[Supplied material Boundary: Start]

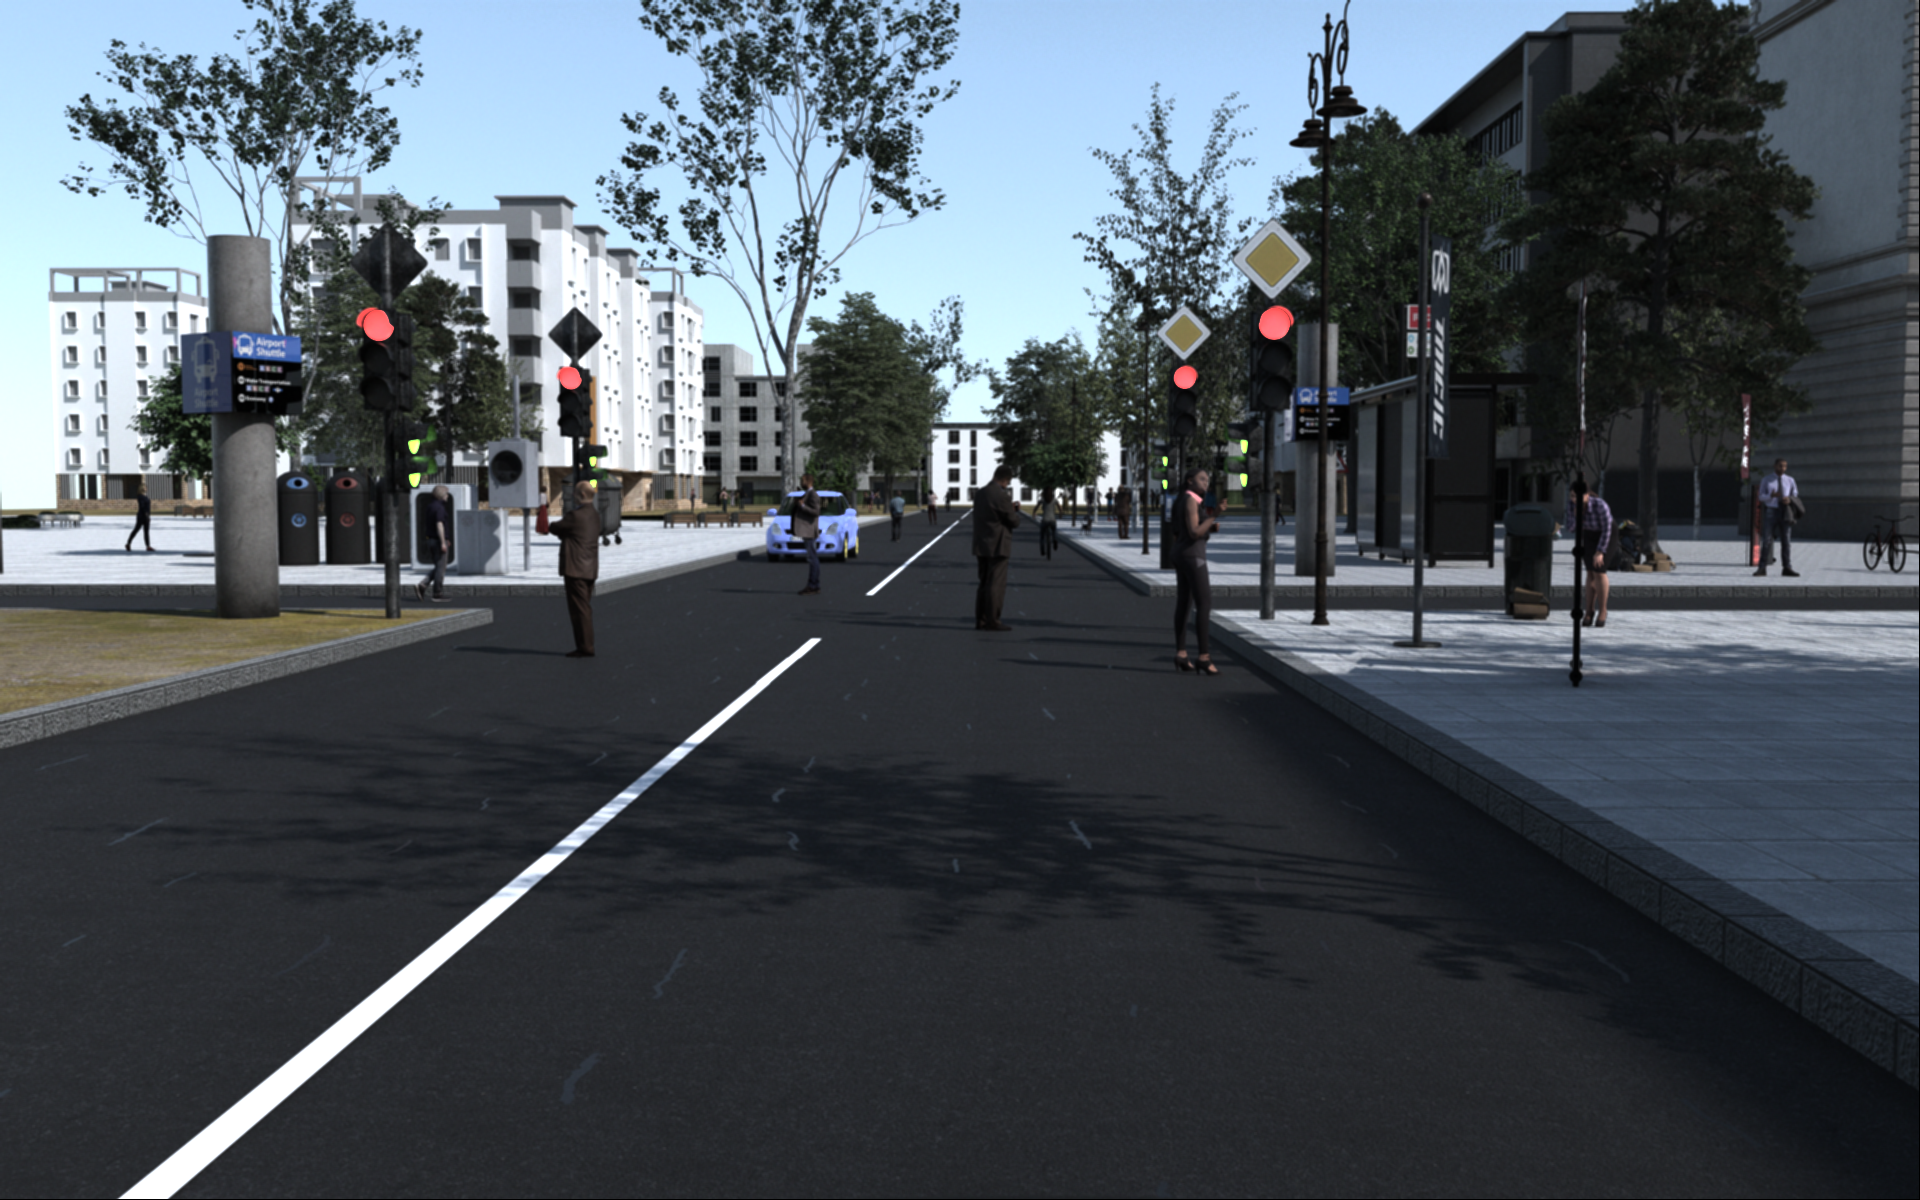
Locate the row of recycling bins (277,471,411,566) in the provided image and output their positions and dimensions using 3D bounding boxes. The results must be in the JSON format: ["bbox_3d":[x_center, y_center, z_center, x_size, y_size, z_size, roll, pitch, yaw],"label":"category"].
[{"bbox_3d":[-11.593,-1.485,31.389,3.534,1.692,1.069,-2,4,-28],"label":"row of recycling bins"}]

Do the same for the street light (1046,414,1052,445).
[{"bbox_3d":[5.143,-7.775,99.902,0.468,5.910,1.993,0,4,1],"label":"street light"}]

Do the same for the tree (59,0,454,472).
[{"bbox_3d":[-23.579,-12.381,58.314,12.611,20.169,13.585,0,3,0],"label":"tree"}]

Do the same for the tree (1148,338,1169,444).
[{"bbox_3d":[13.914,-10.310,94.330,9.928,11.665,9.643,0,3,0],"label":"tree"}]

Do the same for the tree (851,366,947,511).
[{"bbox_3d":[-5.153,-12.709,133.545,9.928,11.665,9.643,0,3,0],"label":"tree"}]

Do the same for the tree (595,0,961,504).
[{"bbox_3d":[-5.956,-12.324,57.388,12.611,20.169,13.585,0,3,0],"label":"tree"}]

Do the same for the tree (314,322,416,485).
[{"bbox_3d":[-24.097,-7.386,71.117,4.360,8.622,3.978,0,3,0],"label":"tree"}]

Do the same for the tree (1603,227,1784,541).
[{"bbox_3d":[20.203,-5.921,47.171,4.737,8.622,4.395,0,3,0],"label":"tree"}]

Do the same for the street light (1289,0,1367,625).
[{"bbox_3d":[3.537,-2.693,16.825,0.468,5.910,1.993,0,4,1],"label":"street light"}]

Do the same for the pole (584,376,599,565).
[{"bbox_3d":[-6.406,-2.215,30.064,0.158,3.312,0.155,0,3,0],"label":"pole"}]

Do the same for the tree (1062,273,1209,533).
[{"bbox_3d":[5.741,-6.497,56.584,4.737,8.622,4.395,0,3,0],"label":"tree"}]

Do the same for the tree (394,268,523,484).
[{"bbox_3d":[-28.719,-11.596,97.023,7.806,13.903,7.818,0,3,0],"label":"tree"}]

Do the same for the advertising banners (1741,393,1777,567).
[{"bbox_3d":[14.135,-2.110,30.682,0.090,3.025,2.074,3,5,41],"label":"advertising banners"}]

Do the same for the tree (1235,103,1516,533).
[{"bbox_3d":[12.697,-9.121,56.544,7.806,13.903,7.818,0,3,0],"label":"tree"}]

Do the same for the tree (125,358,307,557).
[{"bbox_3d":[-15.507,-3.197,35.992,4.285,4.588,4.351,0,3,0],"label":"tree"}]

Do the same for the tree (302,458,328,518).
[{"bbox_3d":[-35.147,-6.071,93.869,1.663,3.219,1.824,0,3,0],"label":"tree"}]

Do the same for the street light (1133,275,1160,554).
[{"bbox_3d":[3.952,-3.910,36.711,0.468,5.910,1.993,0,4,1],"label":"street light"}]

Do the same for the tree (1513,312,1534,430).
[{"bbox_3d":[18.174,-9.744,66.736,7.806,13.903,7.818,0,3,0],"label":"tree"}]

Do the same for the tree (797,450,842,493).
[{"bbox_3d":[-6.368,-4.838,73.704,1.663,3.219,1.824,0,3,0],"label":"tree"}]

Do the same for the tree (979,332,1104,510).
[{"bbox_3d":[6.718,-14.045,136.283,9.857,13.997,8.962,0,3,0],"label":"tree"}]

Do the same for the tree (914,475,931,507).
[{"bbox_3d":[-3.802,-11.219,178.039,1.663,3.219,1.824,0,3,0],"label":"tree"}]

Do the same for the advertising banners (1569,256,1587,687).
[{"bbox_3d":[4.412,-0.987,12.317,0.090,3.025,2.074,1,4,20],"label":"advertising banners"}]

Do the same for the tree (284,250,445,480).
[{"bbox_3d":[-28.236,-9.986,81.396,7.486,12.596,7.792,0,3,0],"label":"tree"}]

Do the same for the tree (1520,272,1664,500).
[{"bbox_3d":[19.761,-6.312,53.569,4.360,8.622,3.978,0,3,0],"label":"tree"}]

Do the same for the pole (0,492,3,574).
[{"bbox_3d":[-15.477,-2.071,27.709,0.158,3.312,0.155,0,3,0],"label":"pole"}]

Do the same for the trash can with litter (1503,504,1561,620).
[{"bbox_3d":[5.997,-0.408,18.059,0.624,1.170,1.055,1,4,12],"label":"trash can with litter"}]

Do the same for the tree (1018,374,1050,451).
[{"bbox_3d":[5.623,-9.457,104.987,4.360,8.622,3.978,0,3,0],"label":"tree"}]

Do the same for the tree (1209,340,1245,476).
[{"bbox_3d":[10.962,-7.765,77.320,4.737,8.622,4.395,0,3,0],"label":"tree"}]

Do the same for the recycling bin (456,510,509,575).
[{"bbox_3d":[-7.625,-0.926,27.698,0.722,1.027,0.722,0,4,-7],"label":"recycling bin"}]

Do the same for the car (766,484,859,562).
[{"bbox_3d":[-3.195,-1.728,37.838,1.945,1.707,3.694,0,4,2],"label":"car"}]

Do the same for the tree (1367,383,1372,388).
[{"bbox_3d":[19.145,-7.569,74.108,4.737,8.622,4.395,0,3,0],"label":"tree"}]

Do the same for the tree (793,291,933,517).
[{"bbox_3d":[-5.806,-10.918,96.636,7.486,12.596,7.792,0,3,0],"label":"tree"}]

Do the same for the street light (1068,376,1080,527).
[{"bbox_3d":[4.484,-5.832,68.149,0.468,5.910,1.993,0,4,1],"label":"street light"}]

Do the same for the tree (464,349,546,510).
[{"bbox_3d":[-23.474,-8.469,88.826,4.737,8.622,4.395,0,3,0],"label":"tree"}]

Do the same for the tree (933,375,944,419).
[{"bbox_3d":[-4.947,-11.964,113.736,7.486,12.596,7.792,0,3,0],"label":"tree"}]

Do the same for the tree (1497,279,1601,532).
[{"bbox_3d":[20.738,-6.661,59.271,4.737,8.622,4.395,0,3,0],"label":"tree"}]

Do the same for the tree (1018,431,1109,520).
[{"bbox_3d":[5.126,-6.792,94.764,4.285,4.588,4.351,0,3,0],"label":"tree"}]

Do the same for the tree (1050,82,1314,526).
[{"bbox_3d":[4.245,-4.983,31.832,4.360,8.622,3.978,0,3,0],"label":"tree"}]

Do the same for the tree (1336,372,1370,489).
[{"bbox_3d":[18.165,-8.190,84.272,4.360,8.622,3.978,0,3,0],"label":"tree"}]

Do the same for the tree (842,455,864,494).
[{"bbox_3d":[-5.344,-5.000,76.347,1.663,3.219,1.824,0,3,0],"label":"tree"}]

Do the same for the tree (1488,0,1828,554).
[{"bbox_3d":[14.873,-7.037,37.110,6.751,12.117,7.091,0,3,0],"label":"tree"}]

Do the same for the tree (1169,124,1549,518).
[{"bbox_3d":[12.268,-7.464,47.788,9.928,11.665,9.643,0,3,0],"label":"tree"}]

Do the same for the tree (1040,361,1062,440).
[{"bbox_3d":[5.568,-7.555,73.879,4.737,8.622,4.395,0,3,0],"label":"tree"}]

[Supplied material Boundary: End]

**Try it**
The records above are to be set down exactly as written, with no images.

**Task result**
Locate the row of recycling bins (277,471,411,566) in the provided image and output their positions and dimensions using 3D bounding boxes. The results must be in the JSON format: ["bbox_3d":[x_center, y_center, z_center, x_size, y_size, z_size, roll, pitch, yaw],"label":"category"].
[{"bbox_3d":[-11.593,-1.485,31.389,3.534,1.692,1.069,-2,4,-28],"label":"row of recycling bins"}]

Do the same for the street light (1046,414,1052,445).
[{"bbox_3d":[5.143,-7.775,99.902,0.468,5.910,1.993,0,4,1],"label":"street light"}]

Do the same for the tree (59,0,454,472).
[{"bbox_3d":[-23.579,-12.381,58.314,12.611,20.169,13.585,0,3,0],"label":"tree"}]

Do the same for the tree (1148,338,1169,444).
[{"bbox_3d":[13.914,-10.310,94.330,9.928,11.665,9.643,0,3,0],"label":"tree"}]

Do the same for the tree (851,366,947,511).
[{"bbox_3d":[-5.153,-12.709,133.545,9.928,11.665,9.643,0,3,0],"label":"tree"}]

Do the same for the tree (595,0,961,504).
[{"bbox_3d":[-5.956,-12.324,57.388,12.611,20.169,13.585,0,3,0],"label":"tree"}]

Do the same for the tree (314,322,416,485).
[{"bbox_3d":[-24.097,-7.386,71.117,4.360,8.622,3.978,0,3,0],"label":"tree"}]

Do the same for the tree (1603,227,1784,541).
[{"bbox_3d":[20.203,-5.921,47.171,4.737,8.622,4.395,0,3,0],"label":"tree"}]

Do the same for the street light (1289,0,1367,625).
[{"bbox_3d":[3.537,-2.693,16.825,0.468,5.910,1.993,0,4,1],"label":"street light"}]

Do the same for the pole (584,376,599,565).
[{"bbox_3d":[-6.406,-2.215,30.064,0.158,3.312,0.155,0,3,0],"label":"pole"}]

Do the same for the tree (1062,273,1209,533).
[{"bbox_3d":[5.741,-6.497,56.584,4.737,8.622,4.395,0,3,0],"label":"tree"}]

Do the same for the tree (394,268,523,484).
[{"bbox_3d":[-28.719,-11.596,97.023,7.806,13.903,7.818,0,3,0],"label":"tree"}]

Do the same for the advertising banners (1741,393,1777,567).
[{"bbox_3d":[14.135,-2.110,30.682,0.090,3.025,2.074,3,5,41],"label":"advertising banners"}]

Do the same for the tree (1235,103,1516,533).
[{"bbox_3d":[12.697,-9.121,56.544,7.806,13.903,7.818,0,3,0],"label":"tree"}]

Do the same for the tree (125,358,307,557).
[{"bbox_3d":[-15.507,-3.197,35.992,4.285,4.588,4.351,0,3,0],"label":"tree"}]

Do the same for the tree (302,458,328,518).
[{"bbox_3d":[-35.147,-6.071,93.869,1.663,3.219,1.824,0,3,0],"label":"tree"}]

Do the same for the street light (1133,275,1160,554).
[{"bbox_3d":[3.952,-3.910,36.711,0.468,5.910,1.993,0,4,1],"label":"street light"}]

Do the same for the tree (1513,312,1534,430).
[{"bbox_3d":[18.174,-9.744,66.736,7.806,13.903,7.818,0,3,0],"label":"tree"}]

Do the same for the tree (797,450,842,493).
[{"bbox_3d":[-6.368,-4.838,73.704,1.663,3.219,1.824,0,3,0],"label":"tree"}]

Do the same for the tree (979,332,1104,510).
[{"bbox_3d":[6.718,-14.045,136.283,9.857,13.997,8.962,0,3,0],"label":"tree"}]

Do the same for the tree (914,475,931,507).
[{"bbox_3d":[-3.802,-11.219,178.039,1.663,3.219,1.824,0,3,0],"label":"tree"}]

Do the same for the advertising banners (1569,256,1587,687).
[{"bbox_3d":[4.412,-0.987,12.317,0.090,3.025,2.074,1,4,20],"label":"advertising banners"}]

Do the same for the tree (284,250,445,480).
[{"bbox_3d":[-28.236,-9.986,81.396,7.486,12.596,7.792,0,3,0],"label":"tree"}]

Do the same for the tree (1520,272,1664,500).
[{"bbox_3d":[19.761,-6.312,53.569,4.360,8.622,3.978,0,3,0],"label":"tree"}]

Do the same for the pole (0,492,3,574).
[{"bbox_3d":[-15.477,-2.071,27.709,0.158,3.312,0.155,0,3,0],"label":"pole"}]

Do the same for the trash can with litter (1503,504,1561,620).
[{"bbox_3d":[5.997,-0.408,18.059,0.624,1.170,1.055,1,4,12],"label":"trash can with litter"}]

Do the same for the tree (1018,374,1050,451).
[{"bbox_3d":[5.623,-9.457,104.987,4.360,8.622,3.978,0,3,0],"label":"tree"}]

Do the same for the tree (1209,340,1245,476).
[{"bbox_3d":[10.962,-7.765,77.320,4.737,8.622,4.395,0,3,0],"label":"tree"}]

Do the same for the recycling bin (456,510,509,575).
[{"bbox_3d":[-7.625,-0.926,27.698,0.722,1.027,0.722,0,4,-7],"label":"recycling bin"}]

Do the same for the car (766,484,859,562).
[{"bbox_3d":[-3.195,-1.728,37.838,1.945,1.707,3.694,0,4,2],"label":"car"}]

Do the same for the tree (1367,383,1372,388).
[{"bbox_3d":[19.145,-7.569,74.108,4.737,8.622,4.395,0,3,0],"label":"tree"}]

Do the same for the tree (793,291,933,517).
[{"bbox_3d":[-5.806,-10.918,96.636,7.486,12.596,7.792,0,3,0],"label":"tree"}]

Do the same for the street light (1068,376,1080,527).
[{"bbox_3d":[4.484,-5.832,68.149,0.468,5.910,1.993,0,4,1],"label":"street light"}]

Do the same for the tree (464,349,546,510).
[{"bbox_3d":[-23.474,-8.469,88.826,4.737,8.622,4.395,0,3,0],"label":"tree"}]

Do the same for the tree (933,375,944,419).
[{"bbox_3d":[-4.947,-11.964,113.736,7.486,12.596,7.792,0,3,0],"label":"tree"}]

Do the same for the tree (1497,279,1601,532).
[{"bbox_3d":[20.738,-6.661,59.271,4.737,8.622,4.395,0,3,0],"label":"tree"}]

Do the same for the tree (1018,431,1109,520).
[{"bbox_3d":[5.126,-6.792,94.764,4.285,4.588,4.351,0,3,0],"label":"tree"}]

Do the same for the tree (1050,82,1314,526).
[{"bbox_3d":[4.245,-4.983,31.832,4.360,8.622,3.978,0,3,0],"label":"tree"}]

Do the same for the tree (1336,372,1370,489).
[{"bbox_3d":[18.165,-8.190,84.272,4.360,8.622,3.978,0,3,0],"label":"tree"}]

Do the same for the tree (842,455,864,494).
[{"bbox_3d":[-5.344,-5.000,76.347,1.663,3.219,1.824,0,3,0],"label":"tree"}]

Do the same for the tree (1488,0,1828,554).
[{"bbox_3d":[14.873,-7.037,37.110,6.751,12.117,7.091,0,3,0],"label":"tree"}]

Do the same for the tree (1169,124,1549,518).
[{"bbox_3d":[12.268,-7.464,47.788,9.928,11.665,9.643,0,3,0],"label":"tree"}]

Do the same for the tree (1040,361,1062,440).
[{"bbox_3d":[5.568,-7.555,73.879,4.737,8.622,4.395,0,3,0],"label":"tree"}]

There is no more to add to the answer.